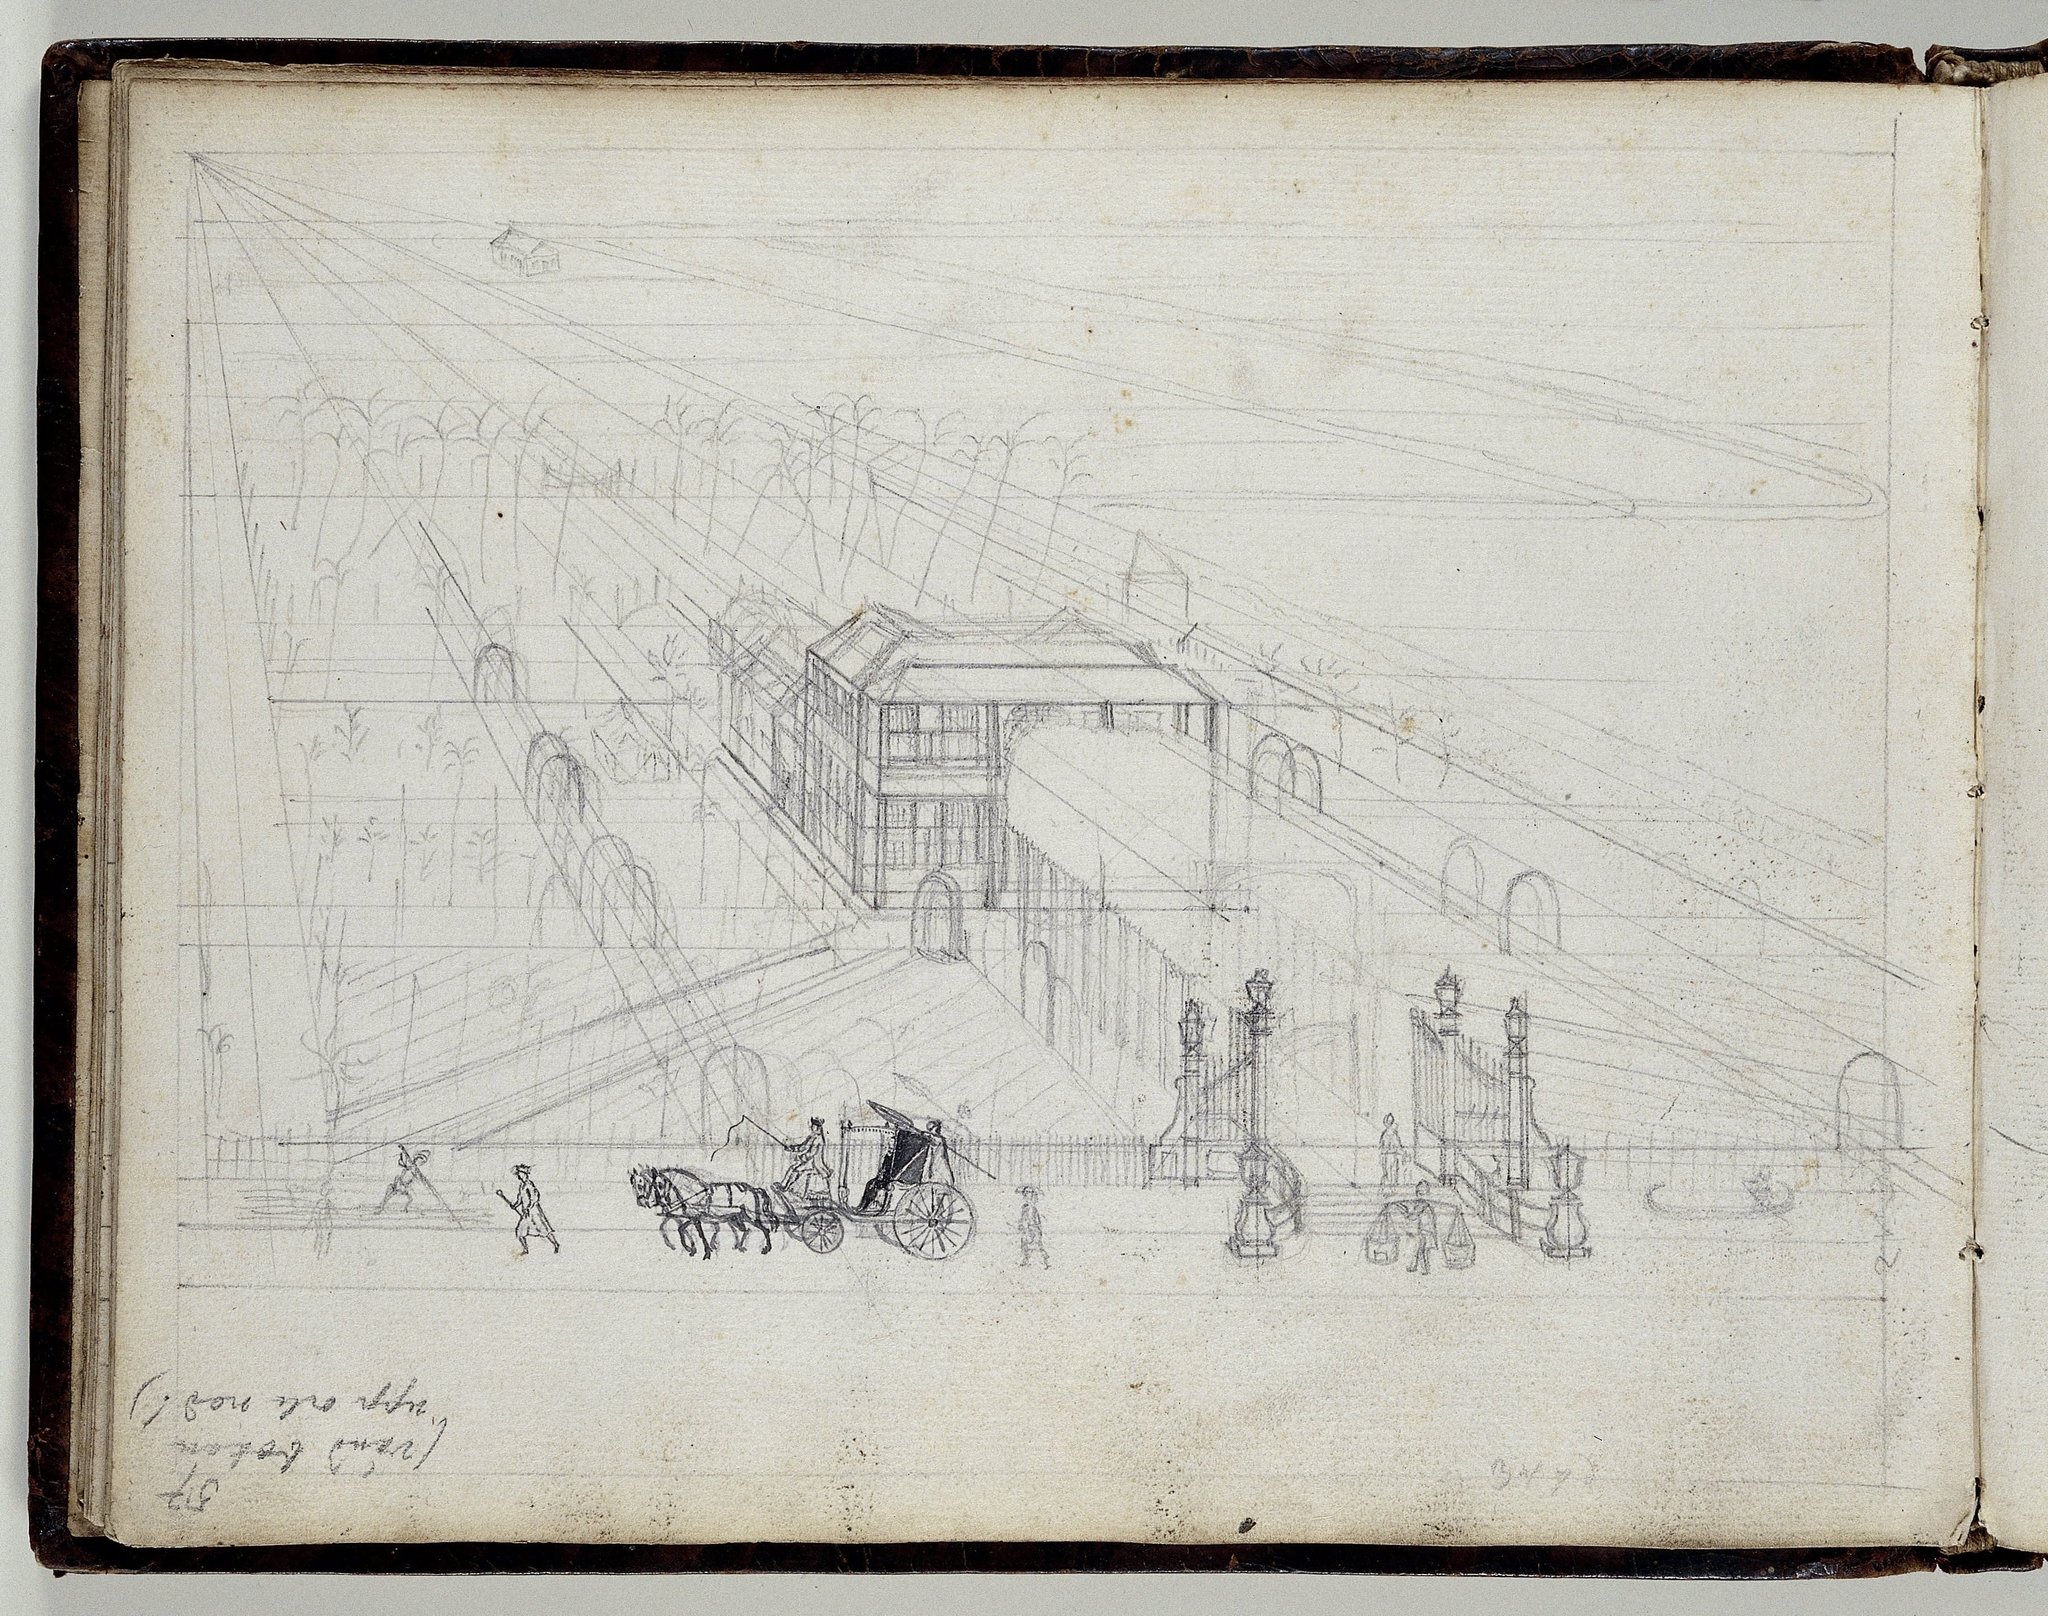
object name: perspective drawing
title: Het landgoed van Brandes bij Batavia
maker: jan brandes
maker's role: draughtsman
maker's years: 1743-1808
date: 1787-1808
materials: paper, pencil
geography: skälsebo
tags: bodegraven, draughtsman, jan brandes, country-house, batavia
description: Perspectiefstudie. Potloodtekening van het huis met tuinen en bijgebouwen van Brandes' huis buiten Batavia van de voorzijde. Over de weg die voor het huis langs loopt, rijdt een rijtuig met passagier en een pajungdrager achterop. Het opschrift is van Kellberg, 20ste eeuwse nazaat van Brandes. Onderdeel uit het grote schetsboek van Jan Brandes 'Perspektivritningar' (1808), p. 57.
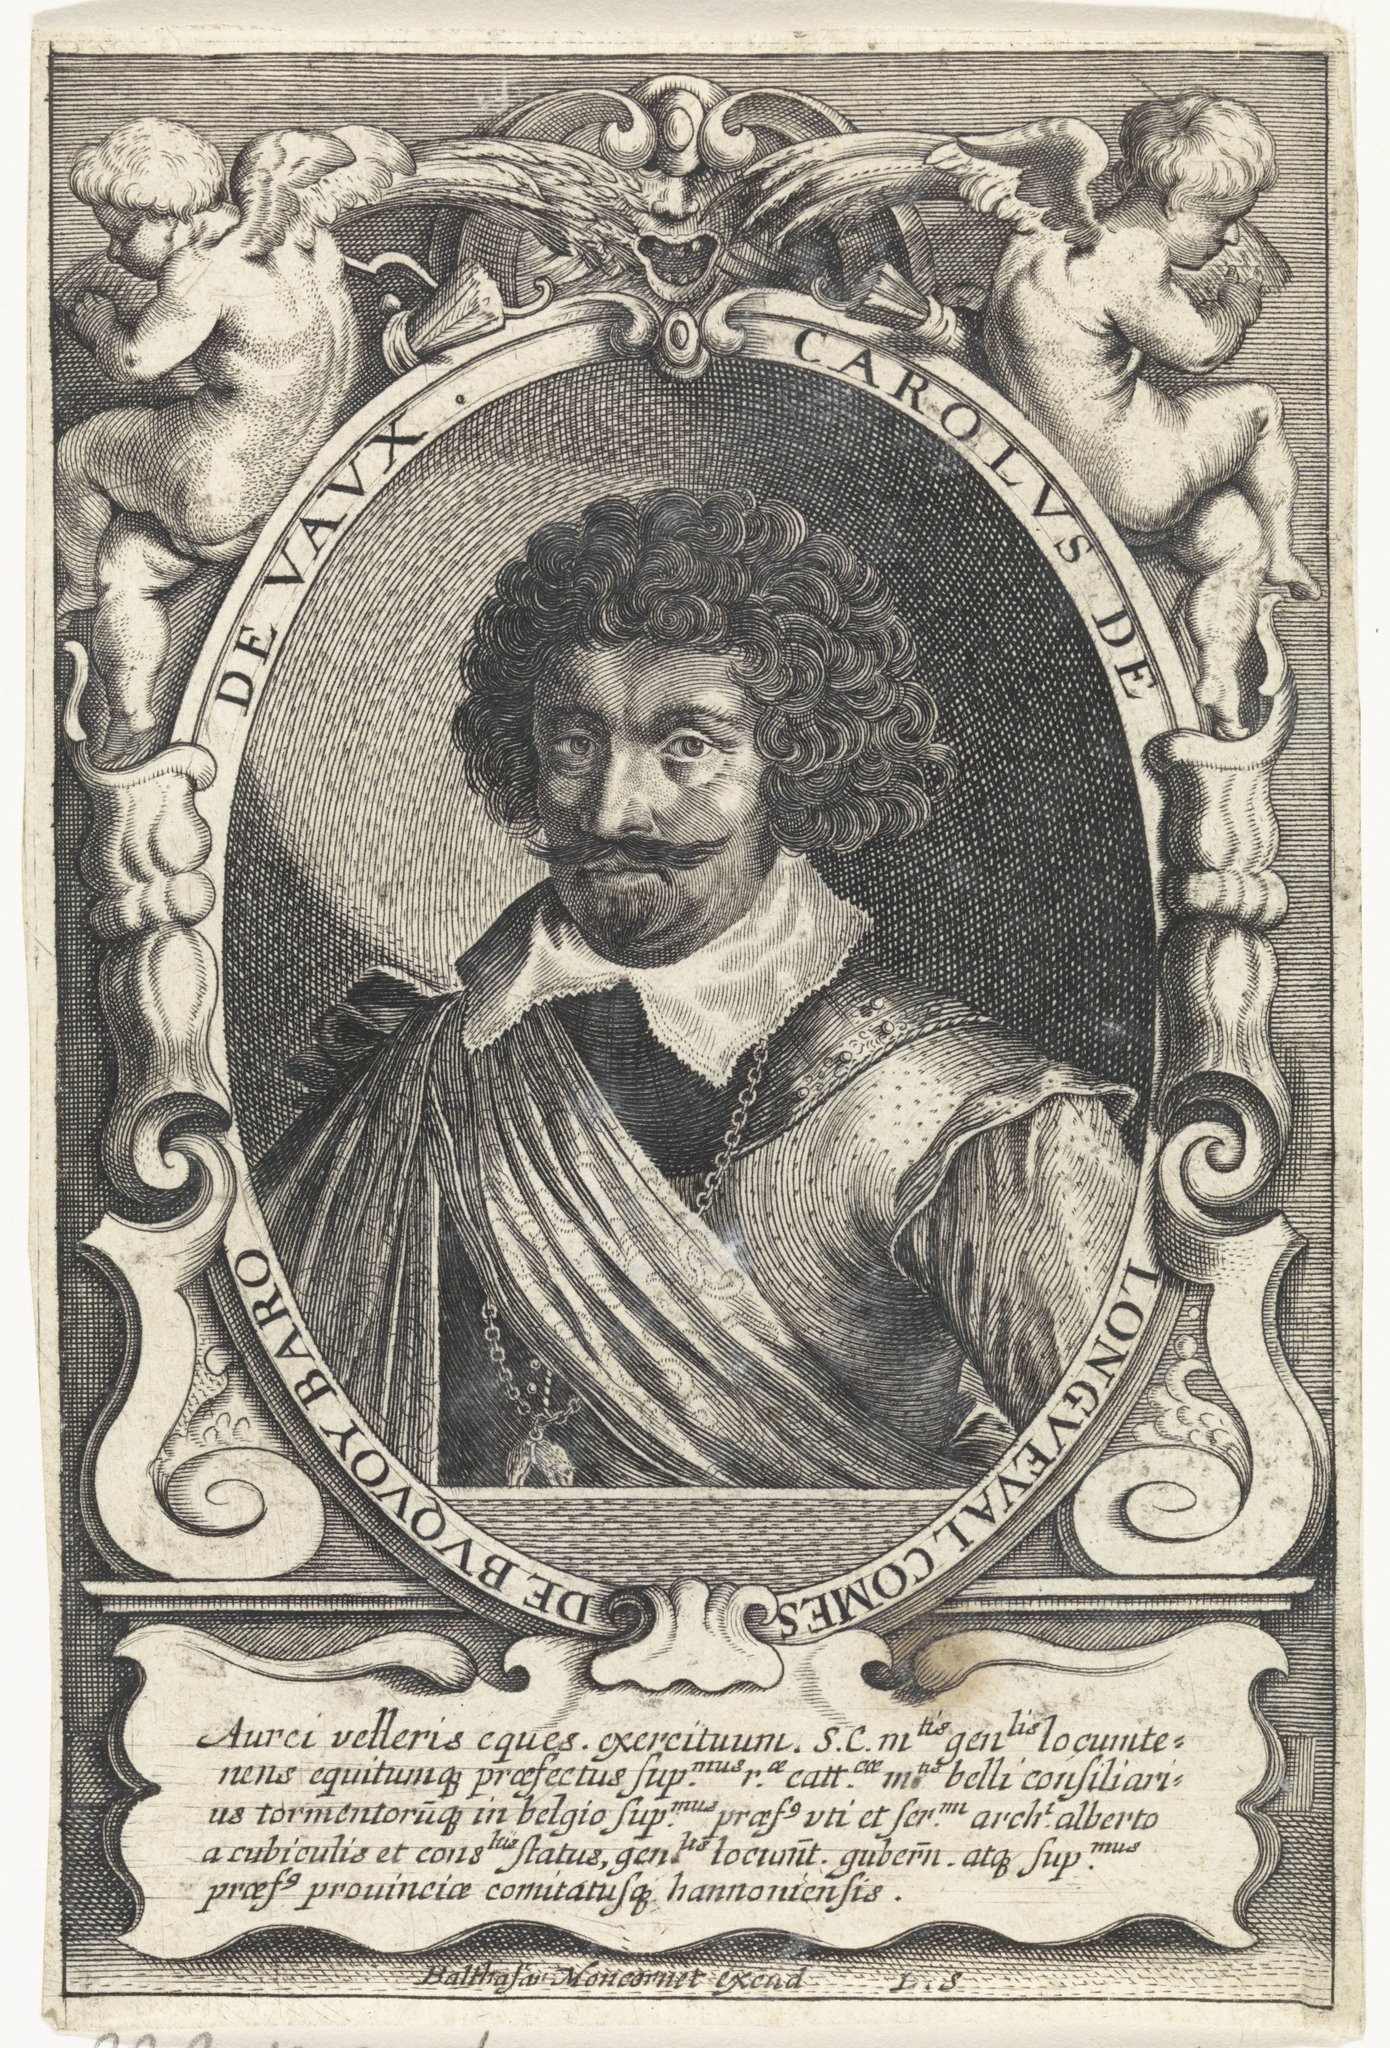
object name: print
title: Portret van Karel Bonaventura van Longueval, graaf van Bucquoy
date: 1606-1669
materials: paper
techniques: engraving, etching
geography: france
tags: arras, nové zámky, bevelhebber, karel bonaventura van longueval (graaf van bucquoy)
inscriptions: collector's mark: Lugt 2228
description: Portret van Karel Bonaventura van Longueval, graaf van Bucquoy, in een ornamentele omlijsting met in de bovenhoeken engeltjes. Onder het portret een vijfregelige tekst in het Frans.

-=-=-

Your answer should consist of the lines from the line with "date: 1606-1669" to the line with "inscriptions: collector's mark: Lugt 2228" above, repeated exactly, both ends included.

### EXERCISE OUTPUT
date: 1606-1669
materials: paper
techniques: engraving, etching
geography: france
tags: arras, nové zámky, bevelhebber, karel bonaventura van longueval (graaf van bucquoy)
inscriptions: collector's mark: Lugt 2228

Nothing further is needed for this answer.